If gender is removed from marriage, it follows that same-gender married couples must be allowed to participate in the benefits of marriage equality. The United Nations — and common sense — recognises that marriage is a compound right to found and form a family.

Two people of the same gender are biologically incapable of producing children. That is not a statement of bigotry or homophobia, it is simply fact. For marriage equality to be realised, Australia must lift its prohibition on commercial surrogacy.

How else can a married gay couple have children? Surrogacy and anonymous sperm donation, in all its forms, is ethically problematic.

These technologies close the door on a child’s right to be raised and loved by both biological parents, wherever possible.

But unleashing a brave new world of assisted reproductive technology combined with the confusing influence of Safe Schools are not the only consequences of same-sex marriage. Already, we are seeing the rights of Australians who wish to hold on to the timeless definition of marriage being taken away.

Hobart Archbishop Julian Porteous fell foul of Tasmania’s Anti-Discrimination Commission simply for disseminating this view of marriage to Catholics. Such is the intolerance of those pushing the rainbow political agenda that they took legal action.

Overseas florists, bakers, wedding chapel owners and photographers have been sued, fined and hauled before courts for exercising their sincerely held beliefs about marriage.

If anyone thinks this is just for the ‘only in America file’, think again.

Opposition Leader Bill Shorten has said that if he was Prime Minister, business owners who exercised their freedom of conscience about marriage by declining to participate in same-sex weddings would be fined under state-based anti-discrimination law. This is chilling stuff.
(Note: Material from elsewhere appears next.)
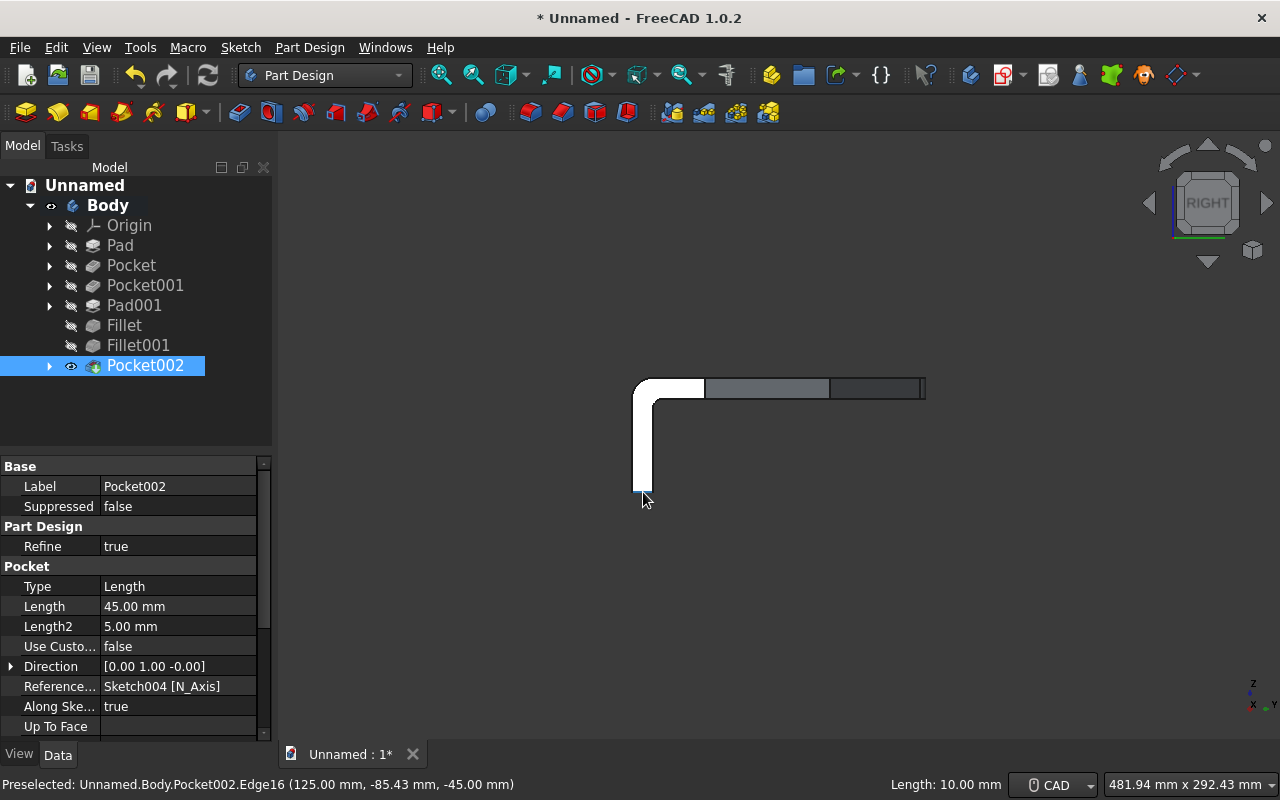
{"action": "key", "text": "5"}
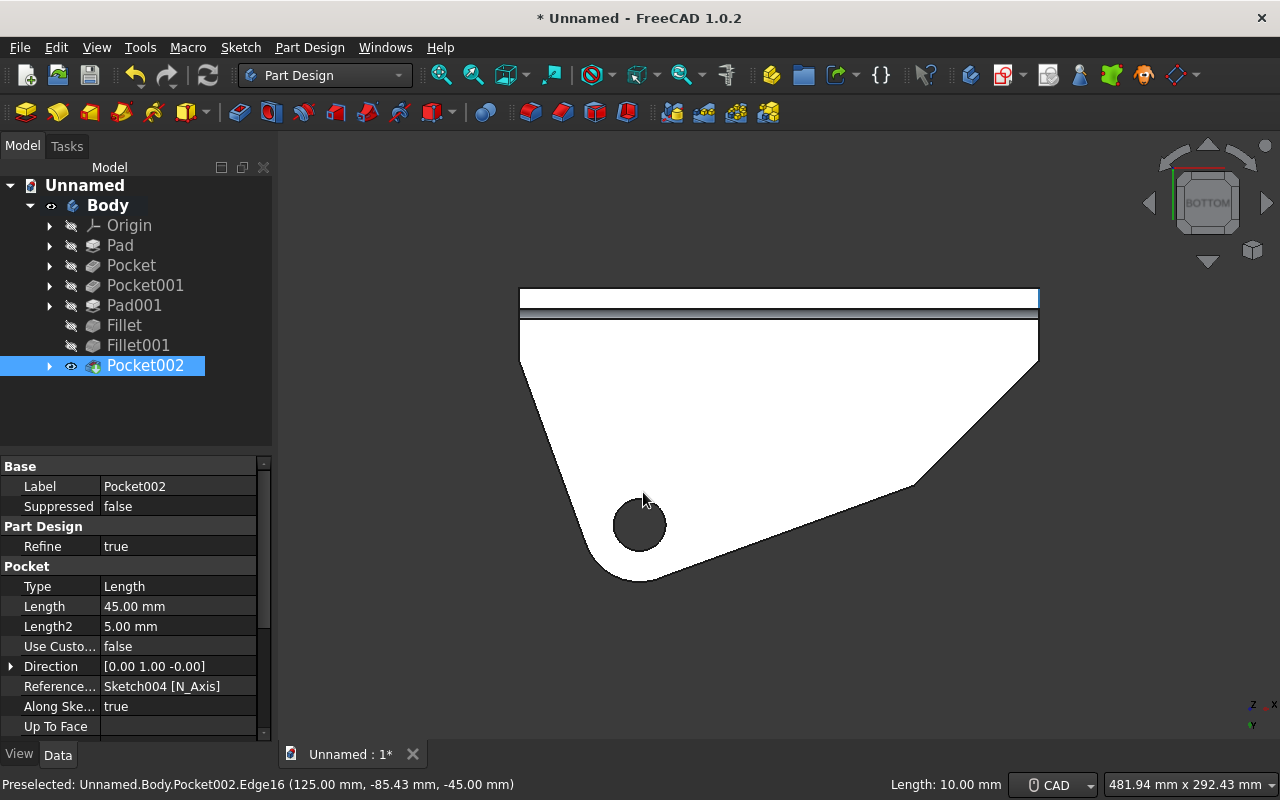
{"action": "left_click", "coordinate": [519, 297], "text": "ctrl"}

All of this is reason why the Australian people should be allowed to decide this issue.

They — not politicians — should decide if their children are going to get compulsory gender theory education in schools. They should decide if children will be denied the right to be raised and loved by their biological parents. And the Australian people should decide if their fellow Australians will be fined for holding a dissident view of marriage.

A respectful plebiscite campaign, with equal public funding to both sides, is the best way to settle this long running community debate.